Finance Minister Abdul Hafeez Shaikh is scheduled to leave for Washington DC on September 21 on a six-day visit to meet officials of the International Monetary Fund (IMF) and the World Bank (WB).
A senior official of the finance ministry told The Express Tribune on Thursday that Finance Secretary Dr Waqar Masood, Economic Affairs Division Secretary Abdul Wajid Rana, Federal Board of Revenue (FBR) Chairman Salman Siddique and State Bank of Pakistan (SBP) Acting Governor Yaseen Anwar will accompany the finance minister.
He said that the IMF had agreed to extend new loans to Pakistan if it submitted a consultation report under Article IV, as a part of the obligations regarding exchange arrangements.
He added that the consultation report on Pakistan’s economic performance was prepared in collaboration with IMF officials once every two years, to be presented before the IMF board.
However, the official said, the consultation report had been delayed this year.
He said that talks with the IMF were postponed earlier to prepare the consultation report in view of the economic review, which was expected in July, under the first Standby Arrangement Programme (SBA).
However, there has been little progress on the SBA so far.
The IMF has now indicated that it will consider extending new loans to Pakistan if it submits the consultation report under Article IV.
Talking to The Express Tribune, sources in the finance ministry said that Pakistan would have to pay up to $2.3 billion in February 2012 to meet its debt obligations towards the IMF and the Paris Club.
They said that the grace period of the $11 billion IMF loan is due to expire in February. Therefore, Pakistan will have to pay the IMF $1.3 billion as the first instalment, they said.
They added that Pakistan would start paying back the $12 billion worth of loans that it had got rescheduled from the Paris Club during the Musharraf government.

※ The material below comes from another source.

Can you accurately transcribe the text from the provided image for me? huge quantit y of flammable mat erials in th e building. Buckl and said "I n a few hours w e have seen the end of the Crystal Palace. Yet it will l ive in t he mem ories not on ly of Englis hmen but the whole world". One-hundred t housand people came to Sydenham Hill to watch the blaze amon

The first payment to the Paris Club will be around $1 billion, they said.
Officials in the finance ministry believe that the loan payments will severely affect foreign exchange reserves of Pakistan.
“Pakistan’s import bill will increase drastically if oil prices in the international market continue to rise. It will have devastating effects on our foreign exchange reserves,” one official said.

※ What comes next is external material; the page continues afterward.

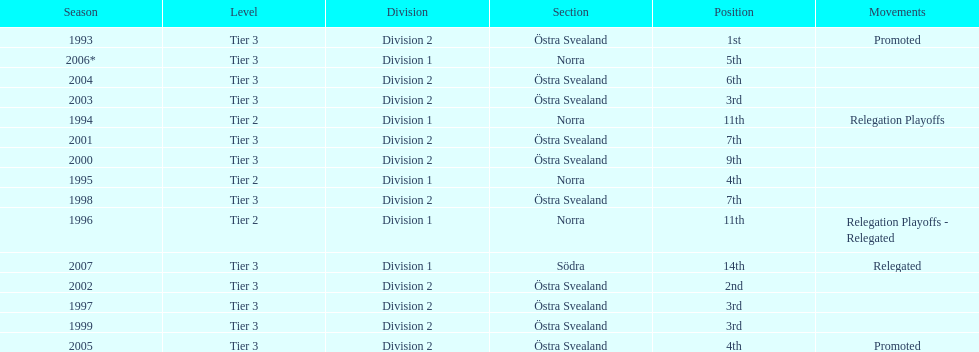How many times was norra mentioned as the section? 4. Could you help me parse every detail presented in this table? {'header': ['Season', 'Level', 'Division', 'Section', 'Position', 'Movements'], 'rows': [['1993', 'Tier 3', 'Division 2', 'Östra Svealand', '1st', 'Promoted'], ['2006*', 'Tier 3', 'Division 1', 'Norra', '5th', ''], ['2004', 'Tier 3', 'Division 2', 'Östra Svealand', '6th', ''], ['2003', 'Tier 3', 'Division 2', 'Östra Svealand', '3rd', ''], ['1994', 'Tier 2', 'Division 1', 'Norra', '11th', 'Relegation Playoffs'], ['2001', 'Tier 3', 'Division 2', 'Östra Svealand', '7th', ''], ['2000', 'Tier 3', 'Division 2', 'Östra Svealand', '9th', ''], ['1995', 'Tier 2', 'Division 1', 'Norra', '4th', ''], ['1998', 'Tier 3', 'Division 2', 'Östra Svealand', '7th', ''], ['1996', 'Tier 2', 'Division 1', 'Norra', '11th', 'Relegation Playoffs - Relegated'], ['2007', 'Tier 3', 'Division 1', 'Södra', '14th', 'Relegated'], ['2002', 'Tier 3', 'Division 2', 'Östra Svealand', '2nd', ''], ['1997', 'Tier 3', 'Division 2', 'Östra Svealand', '3rd', ''], ['1999', 'Tier 3', 'Division 2', 'Östra Svealand', '3rd', ''], ['2005', 'Tier 3', 'Division 2', 'Östra Svealand', '4th', 'Promoted']]} 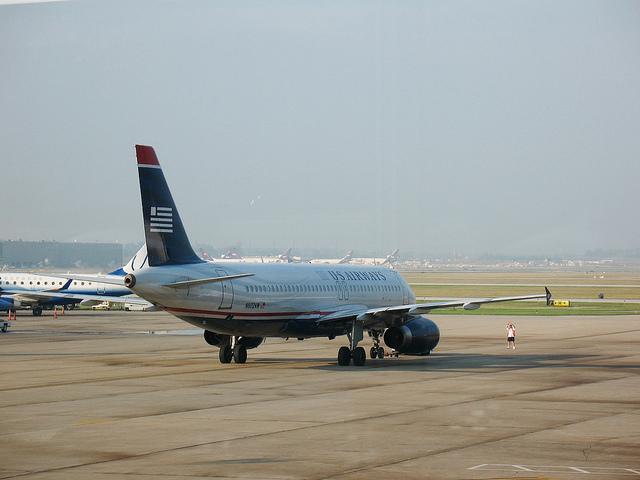What color is the tail fin of this airplane?
Short answer required. Blue. Is anyone walking near the plane?
Answer briefly. Yes. Has the plane just landed?
Quick response, please. Yes.

He said that the government was devising a strategy to maintain foreign exchange reserves. “Exchangeable bonds and dollar bonds will be issued in the international market to attract overseas Pakistanis in particular,” he said.
He added that new schemes would be launched to help overseas Pakistanis send back remittances. The government will also take steps to curb informal channels for transfer of money from foreign countries, he said.
He said that the new loan programme, if approved by the IMF, would be the Poverty Reduction and Growth Facility Programme (PRGF). It added that the PRGF would be long-term, but costlier than the short-term SBA.
Published in The Express Tribune, September 9th, 2011.